The Curious Story of Sunken Trees in a Lake in Kazakhstan

Lake Kaindy aka, the “birch tree lake”, is a 400-meter-long (1,300 ft) lake in Kazakhstan that reaches depths near 30 meters (98 ft) in some areas. It is located 129 kilometers (80 mi) east-southeast of the city of Almaty and is 2,000 meters (6,600 ft) above sea level. The lake was created as the result of an enormous limestone landslide, triggered by the 1911 Kebin earthquake.

The track to Lake Kaindy has many scenic views to the Saty Gorge, the Chilik Valley, and the Kaindy Gorge. But most fascinating of all, dried-out trunks of submerged Picea schrenkiana trees rise above the surface to this day i.e, after a 100 years.

Kaindy lake by Vladimir Stepin on 500px.com


Kaindy lake, Kazakhstan by Alexey Seafarer on 500px.com

Lake Kaindy (pronounce it Kah-yindi) in its colorful glory. The sunken forest has survived thus far,  thanks to the water that is barely above freezing. The tree leaves underneath are actually quite well preserved.
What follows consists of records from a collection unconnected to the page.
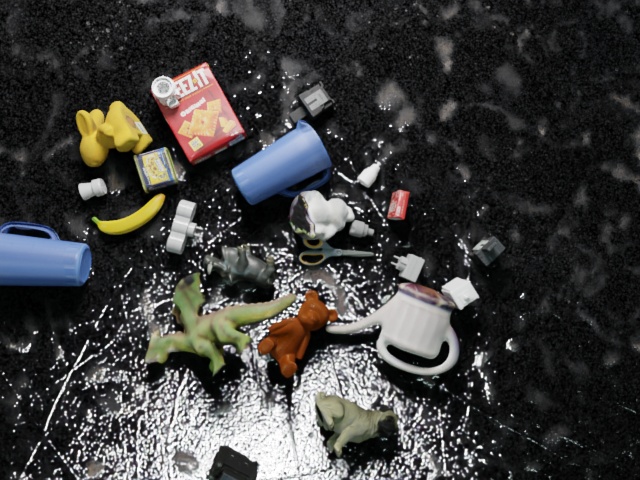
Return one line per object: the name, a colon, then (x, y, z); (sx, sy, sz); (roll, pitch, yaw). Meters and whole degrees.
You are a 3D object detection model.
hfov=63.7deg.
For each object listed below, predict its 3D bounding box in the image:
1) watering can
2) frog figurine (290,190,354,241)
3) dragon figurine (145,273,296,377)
watering can: (0.207, 0.216, 1.351); (0.348, 0.225, 0.103); (21, -2, 5)
frog figurine: (0.004, -0.068, 1.358); (0.160, 0.139, 0.120); (-14, -20, -42)
dragon figurine: (-0.275, 0.191, 1.293); (0.408, 0.243, 0.122); (-43, -5, 7)
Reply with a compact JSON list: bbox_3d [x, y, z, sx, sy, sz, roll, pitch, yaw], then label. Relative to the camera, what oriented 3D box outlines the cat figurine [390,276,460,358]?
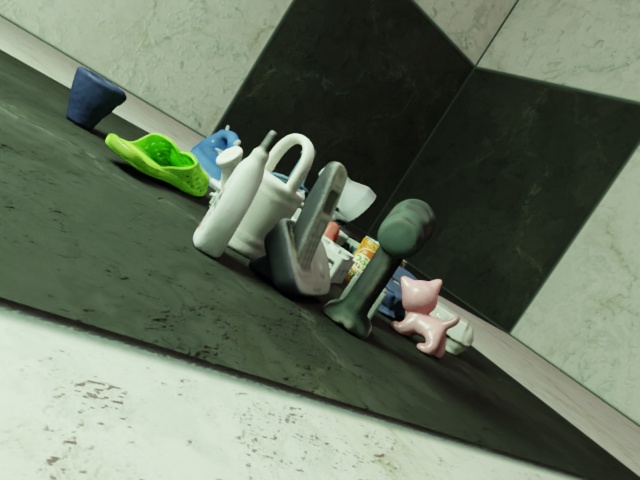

Sunken Forest by Adam Saligman on 500px.com

Whichever way they fell, the top part dried out while the rest underwater stayed intact giving the impression that they all turned upside down before resting.


Enchanted forest by Dina Julayeva on 500px.com

The clean blue water, the scenic view around and the history make for a compelling reason to visit the place in  this Central Asian, former Soviet nation of Kazakhstan.